DO NOT PUT ANYTHING INTO THE 240V SOCKET!!!!!!!!!

I know it's obvious but theres always one. :roll: 

Steve and Sharon


----------



## G2EWS (May 1, 2006)

Having been an electronics engineer for more years than I car to mention, I think we tend to state simple things to us far too technically.

You know the sort of thing, you go to the garage and the mechanic says: 'I am sorry sir but the double ended flange valve had a bit of a problem when we connected it to the retaining socket. It's not normal but it just could not penetrate the diaphragm!,

So in the interests of making a picture state a thousand words, here is a picture of a multimeter in series!

I hope it is useful.

Regards

Chris


----------



## eddied (May 9, 2005)

*12V. current measures*

  
Thanks Chris, just what a simple minded soul like me needed.
No wonder my 5 yr old grandson laughs at me when I try to put his Lego thingies together!
saluti,
eddied


----------



## Bagshanty (Jul 24, 2005)

For measuring current without breaking the circuit, use one of these:
http://www.maplin.co.uk/module.aspx?detail=full&ModuleNo=46384&doy=31m1#more_info

You need to be able to get at the current carrying wire, so only that goes in the jaws. Putting both live and return wires in the jaws will read zero. This is the cheapest I've seen, they used to be fairly pricey.


----------



## 101368 (Oct 12, 2006)

Bagshanty said:


> For measuring current without breaking the circuit, use one of these:
> http://www.maplin.co.uk/module.aspx?detail=full&ModuleNo=46384&doy=31m1#more_info
> 
> You need to be able to get at the current carrying wire, so only that goes in the jaws. Putting both live and return wires in the jaws will read zero. This is the cheapest I've seen, they used to be fairly pricey.

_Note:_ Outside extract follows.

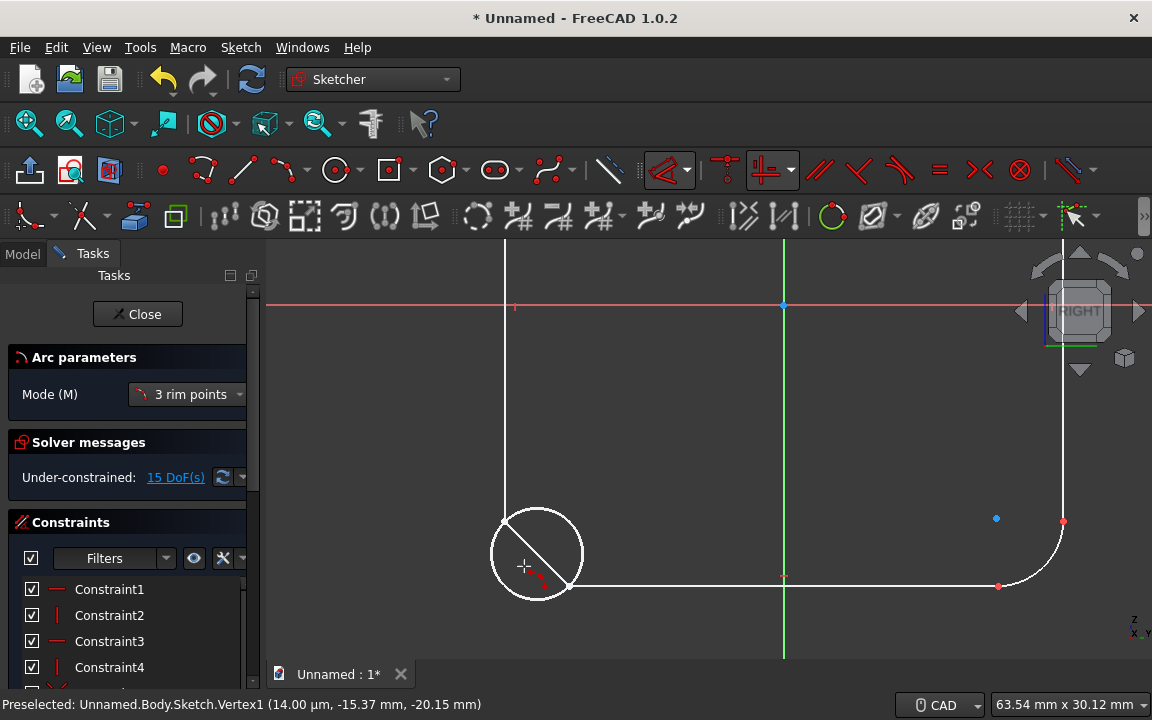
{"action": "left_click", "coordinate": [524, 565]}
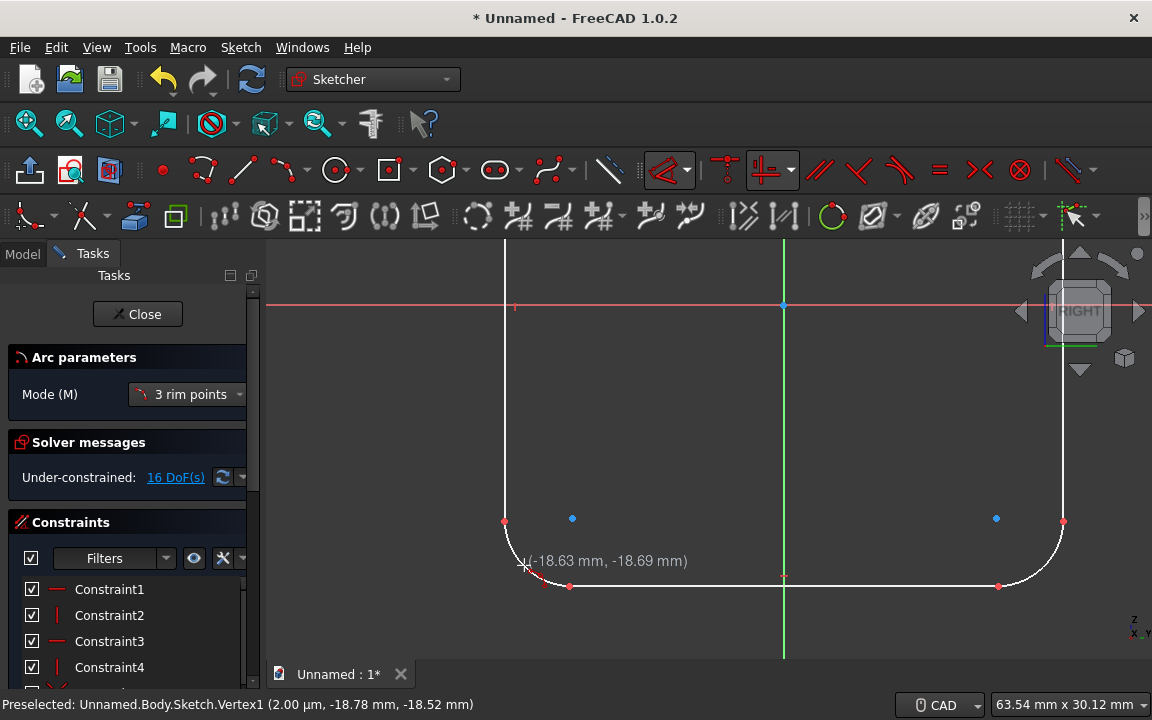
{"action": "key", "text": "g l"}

Not to be picky but that only works for AC current measurement and the original question is about 12V systems which are normally DC.


----------



## olley (May 1, 2005)

Hi this is the one you want >>>HERE<<<

Not sure how accurate these are in measuring low ampages.

Olley


----------



## G2EWS (May 1, 2006)

Clamp on Ammeters are not very accurate at low readings and the ones that are better cost far too much.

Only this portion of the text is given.